I've had a similar device in my shop for 7 or 8 years.....mine's a laboratory lift that got tossed....never thought of it as a router lift or for installing a disposal, but it's good to know! :thumbsup:


----------



## MrWoodworking (Apr 14, 2011)

eccentrictinkerer said:


> I picked up a couple of these at a 3M auction.
> 
> Best thing in the world for replacing garbage disposers!
> 
> I'm a handyman and use it 2-3 times a month. Saves wear and tear on the old arms.


Oh, what I would have given to have one and know this 6 weeks ago. I used a couple Irwin Quick Grips turned outward. Talk about awkward!


----------



## mr. jinchao (May 3, 2011)

Wow 200lbs!! You could use that to hoist kids up to your workbench so they can see! I didn't know this existed, great find for sure.


----------



## Biscobob (Jul 25, 2011)

eccentrictinkerer said:


> I picked up a couple of these at a 3M auction.
> 
> Best thing in the world for replacing garbage disposers!
> 
> I'm a handyman and use it 2-3 times a month. Saves wear and tear on the old arms.

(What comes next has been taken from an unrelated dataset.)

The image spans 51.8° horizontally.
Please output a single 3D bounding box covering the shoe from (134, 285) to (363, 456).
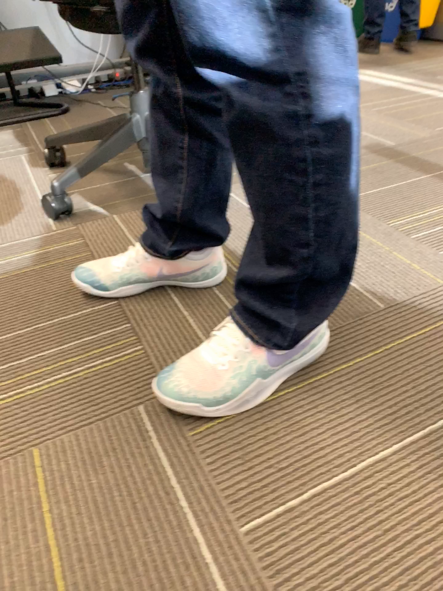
[{"bbox_3d":[0.041,0.092,0.642,0.289,0.078,0.123,-20,38,-20],"label":"shoe"}]

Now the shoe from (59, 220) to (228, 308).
[{"bbox_3d":[-0.136,-0.061,0.849,0.282,0.088,0.118,-5,36,-1],"label":"shoe"}]

I have installed more garbage disposers than I care to remember and my arms ache just thinking about it, would have been great to have one of those. I can think of a few 230v furnace blowers that I could have used it for also. Cool item.


----------



## troyd1976 (Jul 26, 2011)

based on color id say that thing was made to hold a bud light..:thumbsup:


----------



## Burt (Nov 16, 2009)

Cool, I'd put a motor on that jack screw though.


----------



## EagleTa2 (Jan 2, 2012)

I realize this may be an ole post... but this lift is just cool.

I want one just to say that I have one


----------



## ACP (Jan 24, 2009)

I missed this one. It'd be handy for holding level boards when marking out pins (or tails) on dovetail layout.


----------



## Lilblee (Sep 5, 2013)

Router lift

Sent from my iPhone using Wood Forum


----------



## AtomicTermite (Feb 28, 2018)

EagleTa2 said:


> I realize this may be an ole post... but this lift is just cool.
> 
> I want one just to say that I have one


Me too


----------